**EXERCISE INSTRUCTIONS**: For every record that follows, write out the text exactly and omit the picture, if one is present.

**Excerpts from a dataset**:
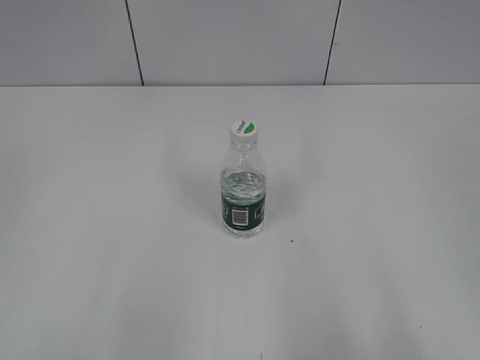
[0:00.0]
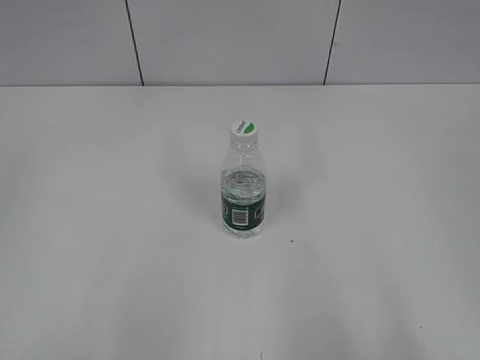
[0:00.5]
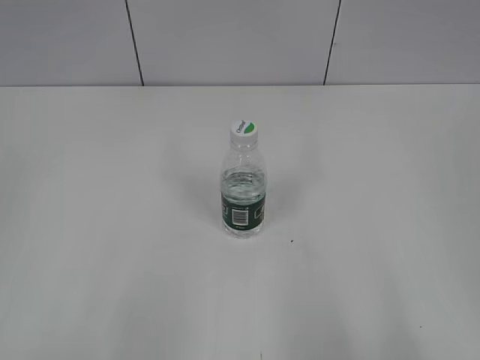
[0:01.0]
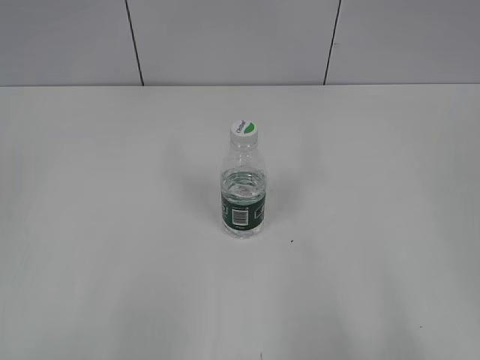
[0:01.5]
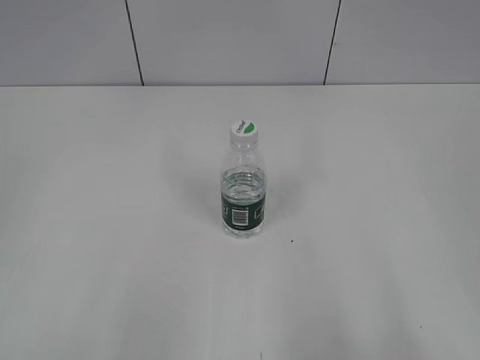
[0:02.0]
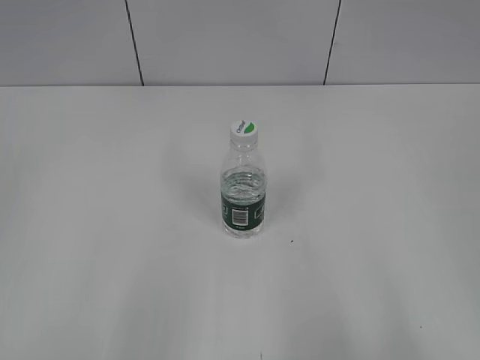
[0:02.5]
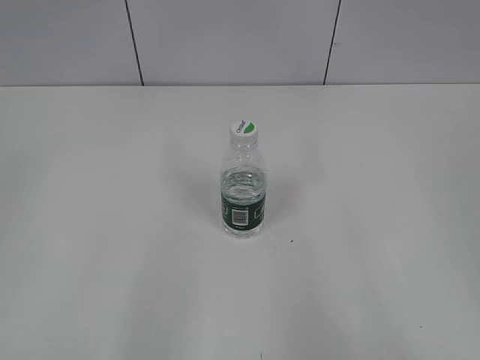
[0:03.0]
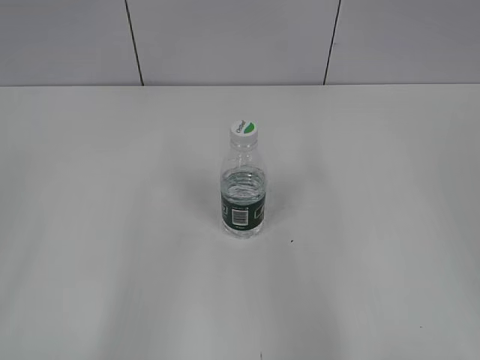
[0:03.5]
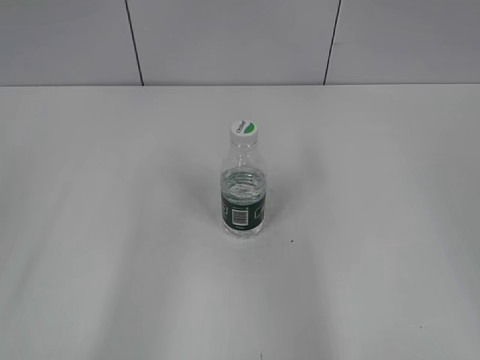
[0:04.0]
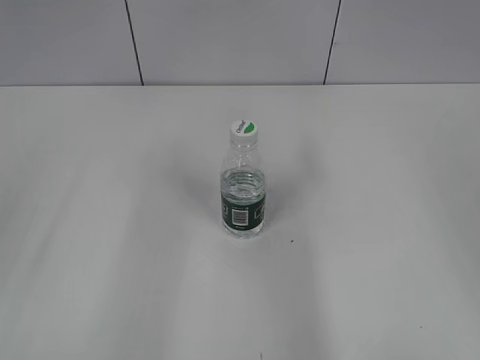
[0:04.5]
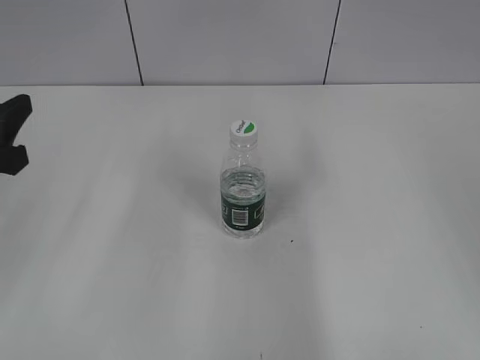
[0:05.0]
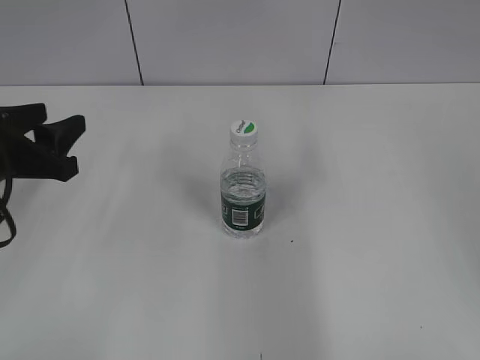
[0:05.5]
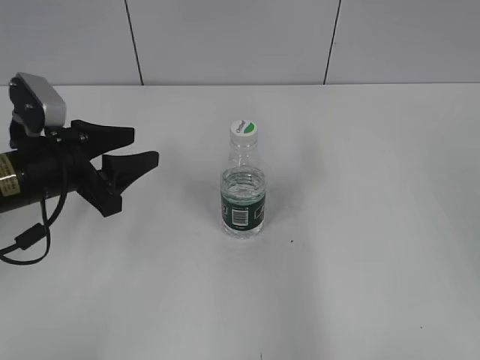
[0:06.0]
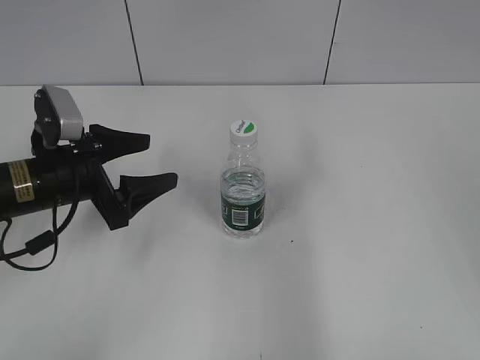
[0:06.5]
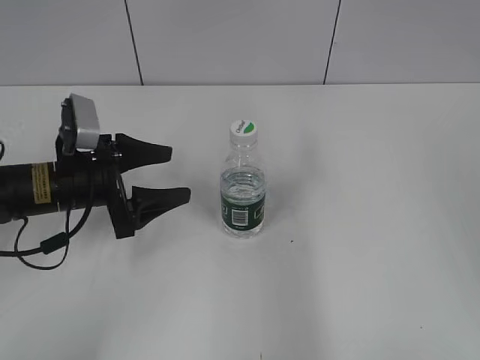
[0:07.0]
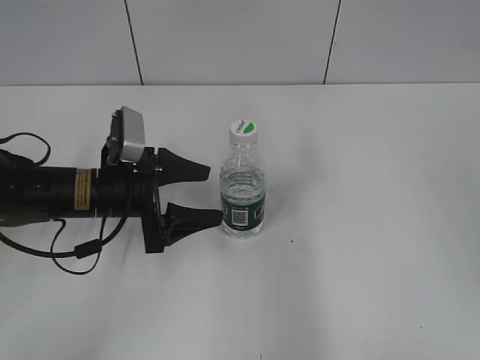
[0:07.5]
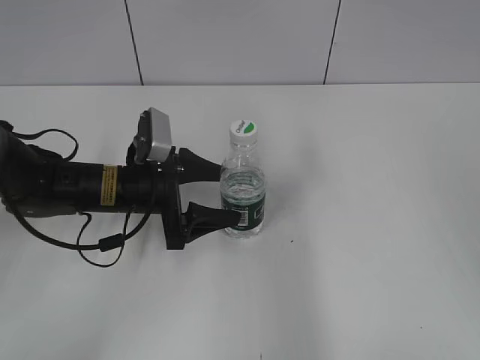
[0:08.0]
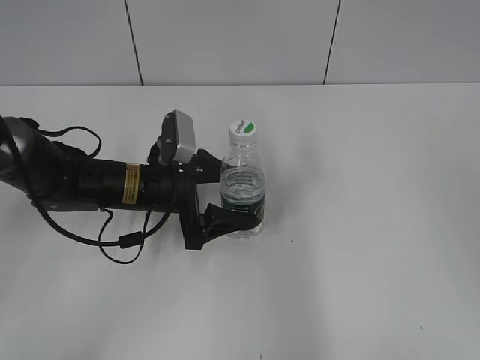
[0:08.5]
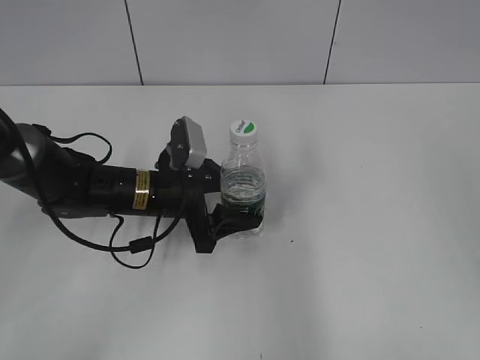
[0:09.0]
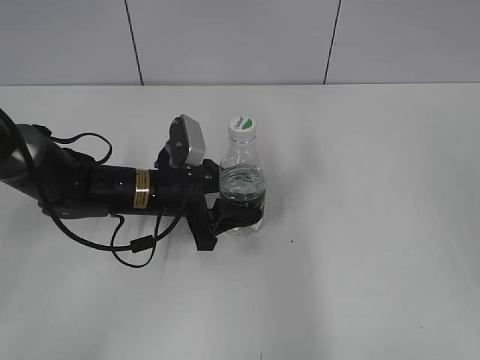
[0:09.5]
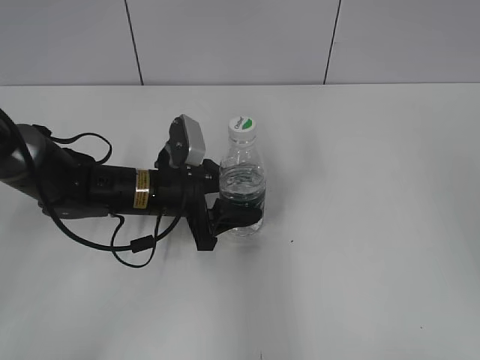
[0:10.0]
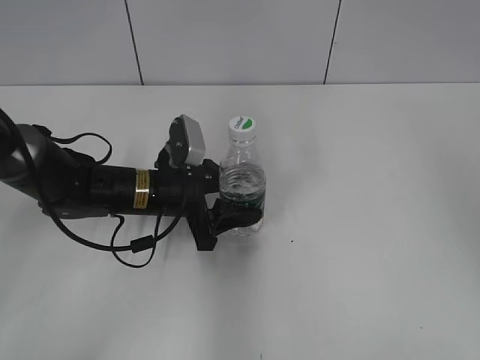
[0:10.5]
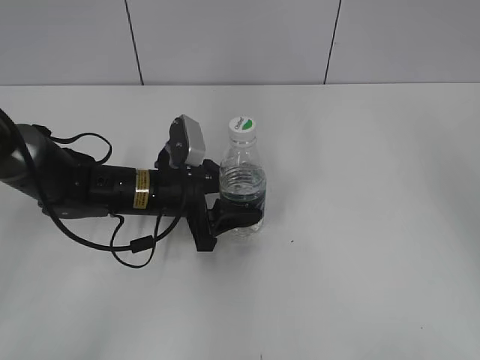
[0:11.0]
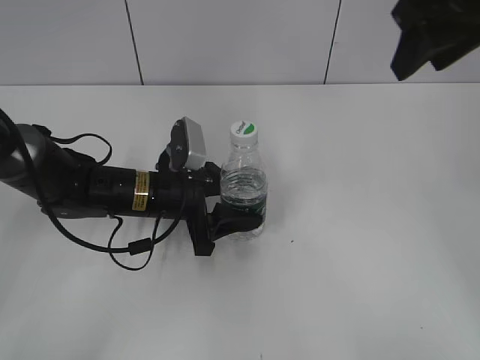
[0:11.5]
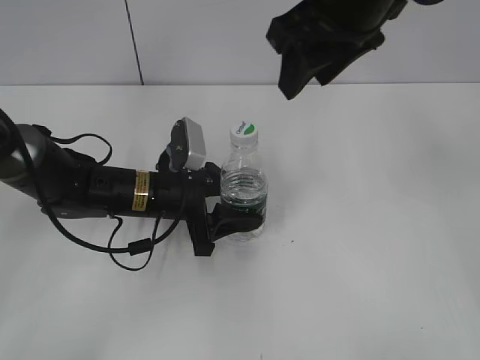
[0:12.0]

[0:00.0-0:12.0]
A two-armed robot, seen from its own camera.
Step, 0:00.0 to 0:09.0: Grasp the bottle and move it to the center of the table with the left gripper.
0:04.0 to 0:06.0: The left gripper heads forward, downward and to the right, covering roughly 25 cm.
0:06.0 to 0:08.0: The left gripper shifts approximately 10 cm to the right and downward, and opens.
0:08.0 to 0:10.0: The left gripper closes.
0:10.0 to 0:12.0: The right gripper moves to the left and forward, some 25 cm, and closes up.

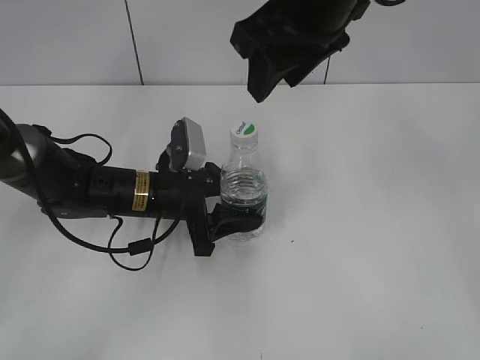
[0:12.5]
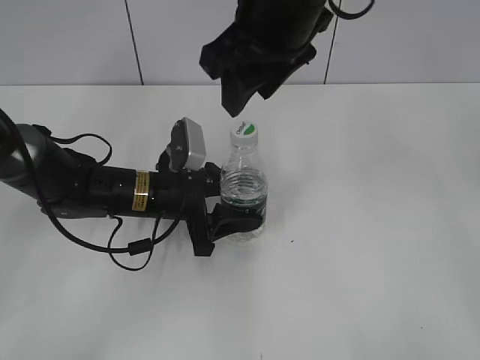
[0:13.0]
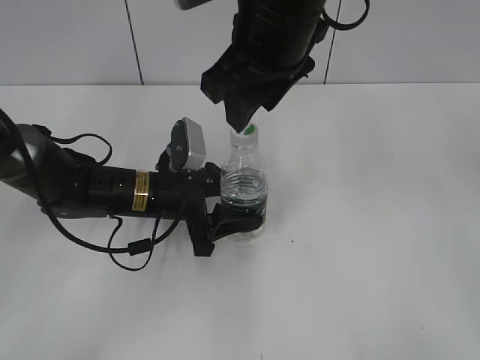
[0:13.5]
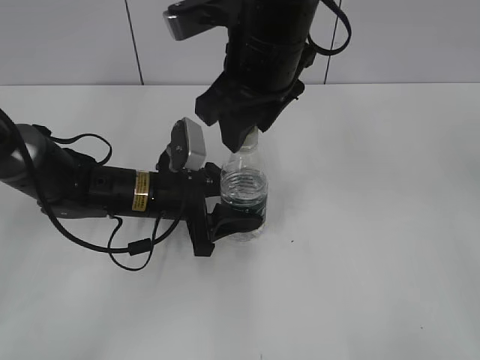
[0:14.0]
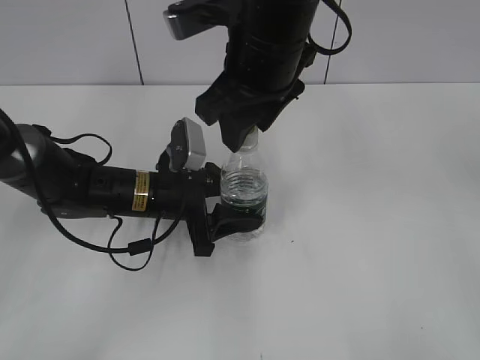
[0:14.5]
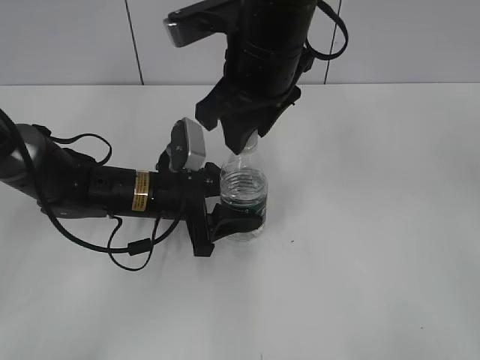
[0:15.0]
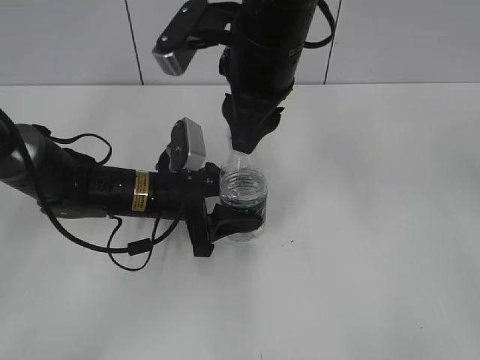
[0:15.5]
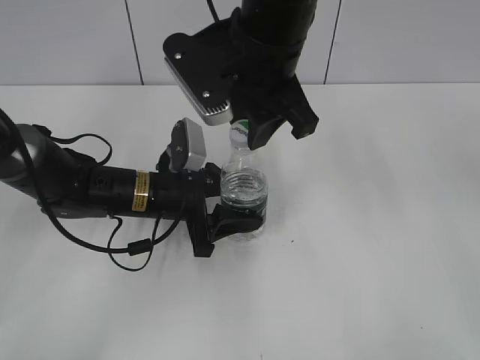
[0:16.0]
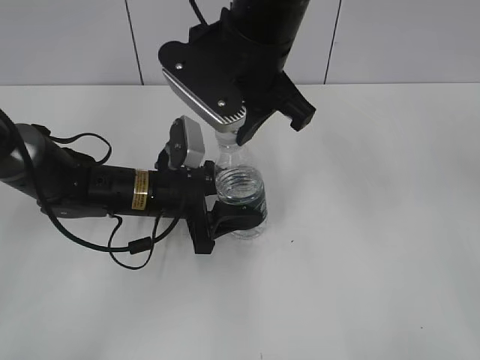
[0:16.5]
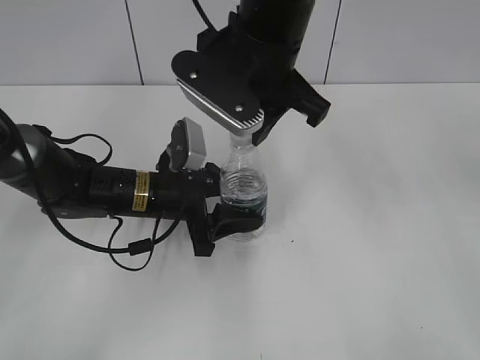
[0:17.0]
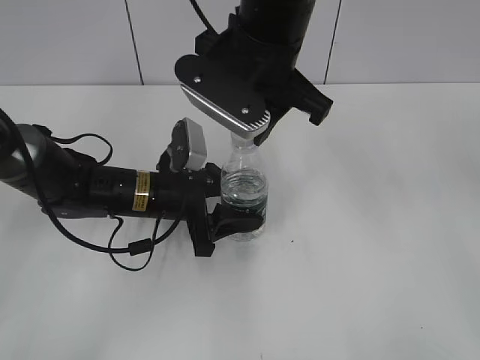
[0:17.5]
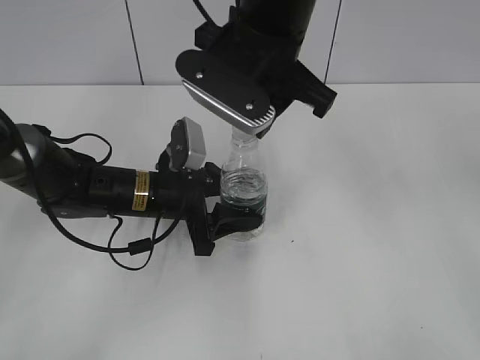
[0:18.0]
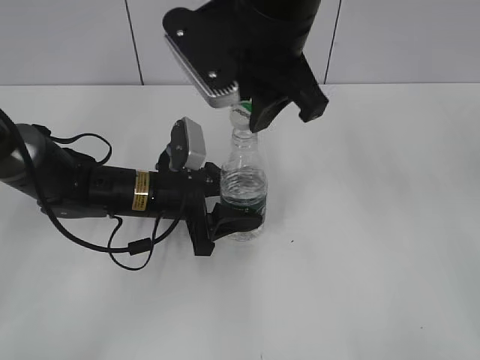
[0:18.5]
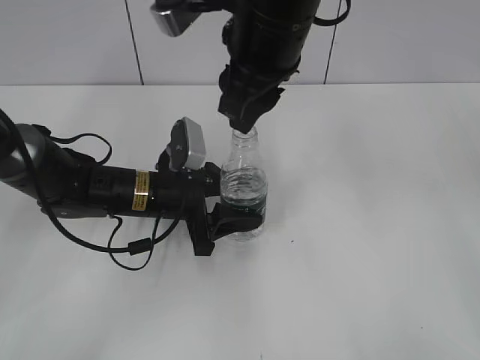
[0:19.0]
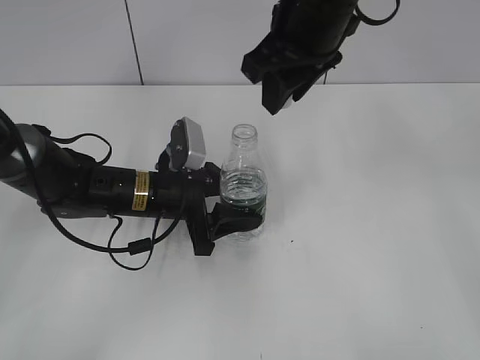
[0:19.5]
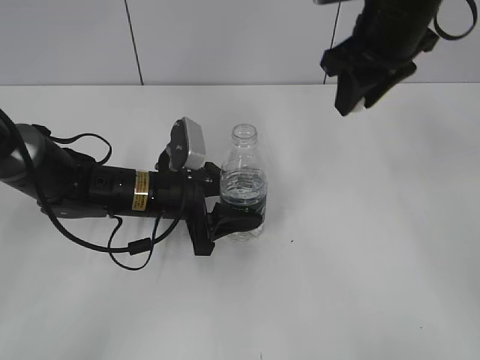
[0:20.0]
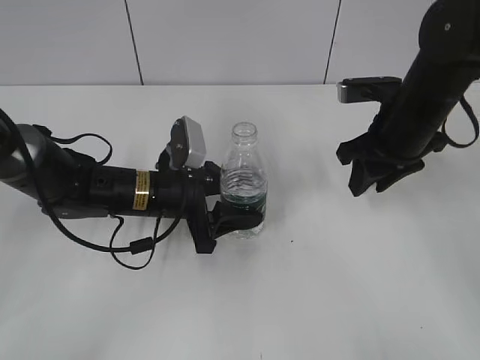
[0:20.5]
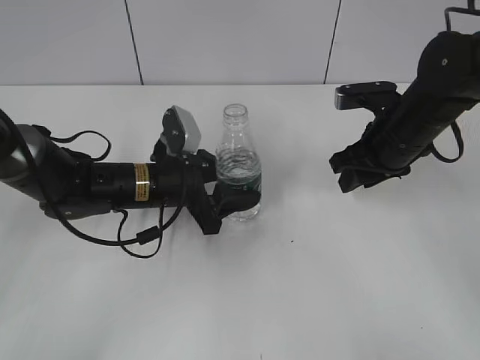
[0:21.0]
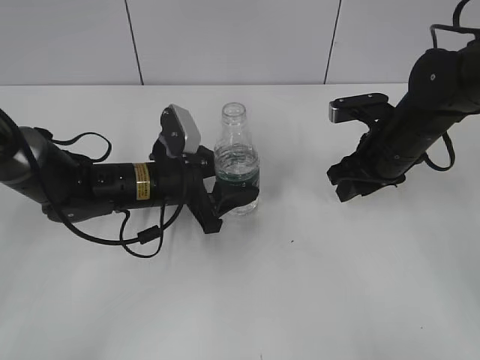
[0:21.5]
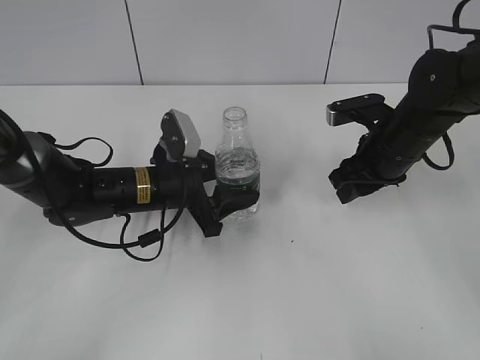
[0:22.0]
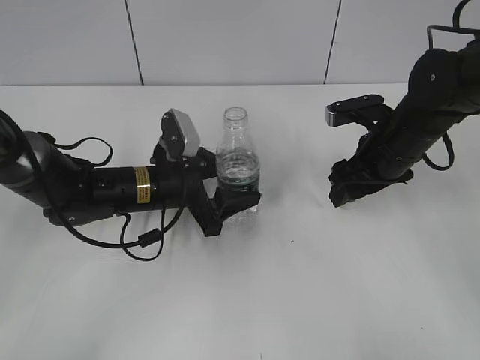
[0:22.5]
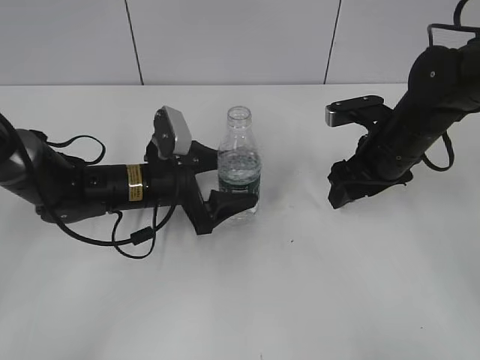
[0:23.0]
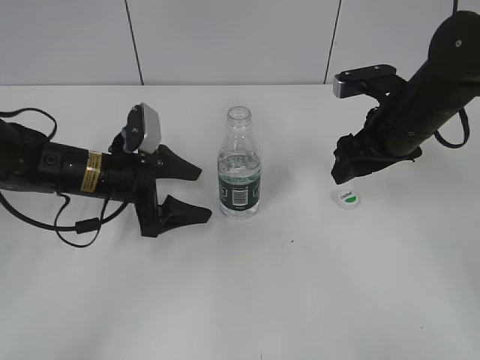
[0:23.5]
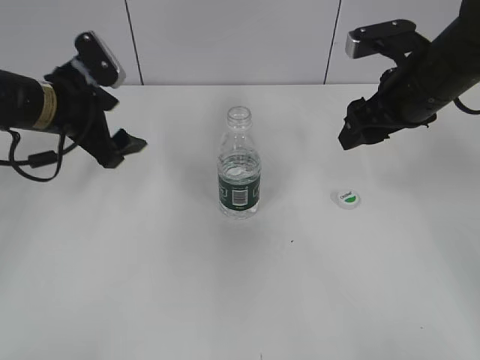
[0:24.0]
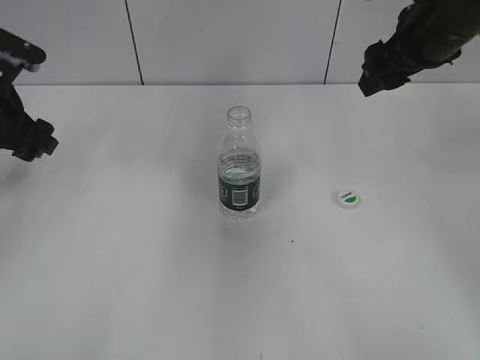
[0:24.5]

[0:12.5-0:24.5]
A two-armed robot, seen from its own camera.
Step, 0:12.5 to 0:19.0: Unscrew the bottle cap with the right gripper while holding the bottle with the left gripper.
Step, 0:19.5 to 0:23.0: Place the bottle cap on the table with the right gripper.
0:12.5 to 0:14.5: The right gripper travels downward by roughly 5 cm.
0:14.5 to 0:16.5: The right gripper closes up.
0:16.5 to 0:18.5: The grippers make only small movements.
0:18.5 to 0:20.5: The right gripper moves to the right and downward, some 20 cm.
0:20.5 to 0:22.5: The right gripper opens its fingers.
0:22.5 to 0:24.5: The left gripper moves to the left and upward, about 20 cm, and opens up, while the right gripper moves upward, some 15 cm.

**YOUR SOLUTION**:
[0:00.0]
[0:00.5]
[0:01.0]
[0:01.5]
[0:02.0]
[0:02.5]
[0:03.0]
[0:03.5]
[0:04.0]
[0:04.5]
[0:05.0]
[0:05.5]
[0:06.0]
[0:06.5]
[0:07.0]
[0:07.5]
[0:08.0]
[0:08.5]
[0:09.0]
[0:09.5]
[0:10.0]
[0:10.5]
[0:11.0]
[0:11.5]
[0:12.0]

[0:00.0-0:12.0]
A two-armed robot, seen from its own camera.
Step, 0:00.0 to 0:09.0: Grasp the bottle and move it to the center of the table with the left gripper.
0:04.0 to 0:06.0: The left gripper heads forward, downward and to the right, covering roughly 25 cm.
0:06.0 to 0:08.0: The left gripper shifts approximately 10 cm to the right and downward, and opens.
0:08.0 to 0:10.0: The left gripper closes.
0:10.0 to 0:12.0: The right gripper moves to the left and forward, some 25 cm, and closes up.

[0:12.5]
[0:13.0]
[0:13.5]
[0:14.0]
[0:14.5]
[0:15.0]
[0:15.5]
[0:16.0]
[0:16.5]
[0:17.0]
[0:17.5]
[0:18.0]
[0:18.5]
[0:19.0]
[0:19.5]
[0:20.0]
[0:20.5]
[0:21.0]
[0:21.5]
[0:22.0]
[0:22.5]
[0:23.0]
[0:23.5]
[0:24.0]
[0:24.5]

[0:12.5-0:24.5]
A two-armed robot, seen from its own camera.
Step, 0:12.5 to 0:19.0: Unscrew the bottle cap with the right gripper while holding the bottle with the left gripper.
Step, 0:19.5 to 0:23.0: Place the bottle cap on the table with the right gripper.
0:12.5 to 0:14.5: The right gripper travels downward by roughly 5 cm.
0:14.5 to 0:16.5: The right gripper closes up.
0:16.5 to 0:18.5: The grippers make only small movements.
0:18.5 to 0:20.5: The right gripper moves to the right and downward, some 20 cm.
0:20.5 to 0:22.5: The right gripper opens its fingers.
0:22.5 to 0:24.5: The left gripper moves to the left and upward, about 20 cm, and opens up, while the right gripper moves upward, some 15 cm.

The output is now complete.